By James OjoABUJA
The Economic and Financial Crimes Commission (EFCC) has raised a high powered team of investigators to proceed to Maiduguri and investigate the alleged diversion of food items meant for millions of Internally Displaced Persons in various refugee camps in the northeast.
A source at the Commission confirmed that the team is due to arrive at the Borno state capital Monday and engage officials of the National Emergency Management Agency (NEMA) and agents of the state government in charge of feeding arrangements in the camps.
Hundreds of displaced persons, mostly women and children, in the camps had barricaded the Maiduguri-Kano-Jos highway last Thursday to protest hunger and poor feeding, particularly at the Arabic Teachers College.
The arrival of State Deputy Governor Alhaji Usman Durkwo prevented a total breakdown of law and order, as the protesters had shunned pleas by the police to disperse.

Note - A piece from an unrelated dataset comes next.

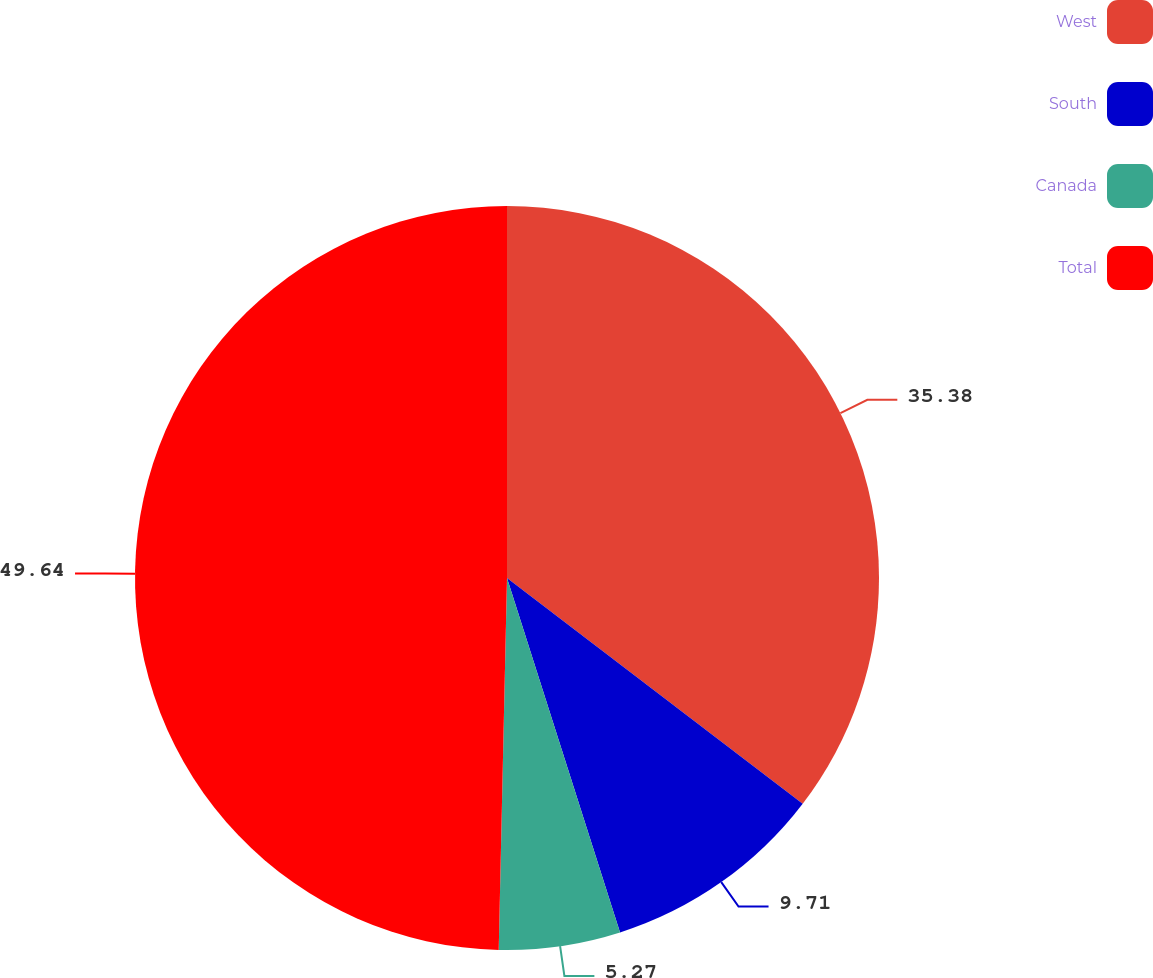Convert chart. <chart><loc_0><loc_0><loc_500><loc_500><pie_chart><fcel>West<fcel>South<fcel>Canada<fcel>Total<nl><fcel>35.38%<fcel>9.71%<fcel>5.27%<fcel>49.65%<nl></chart>

Responding to the plight of the displaced persons in most of the camps, Senate President Bukola Saraki in a statement on Saturday said that the Senate will probe severe hunger and food crisis in the camps.
But the EFFC team from Abuja, according to a source, will take off from where operatives of the anti-graft agency stopped.
Reports have it that there was diversion of grains released by the Federal Government for the camps of IDPs in the northeast.
The EFCC will investigate how only 250 trucks of grains got to the camps in Maiduguri from the 600 trucks released from the Silos of the National Grains Reserve in Minna, Niger State.
Investigators will attempt to uncover the disappearance or diversion of 350 trucks of grains and food items deliberately kept in some stores instead of distributing them to the hungry people at the camps.
As a result of scarcity of food items in the northeast because of the activities of the Boko Haram, a truck of grain is said to be going for about N3.5 million, depending on the quality.
The source added that the team will be reporting directly to the Acting chairman of EFCC Ibrahim Magu due to the seriousness attached to the hunger crisis in IDP camps, a situation that has attracted the attention of the United Nations.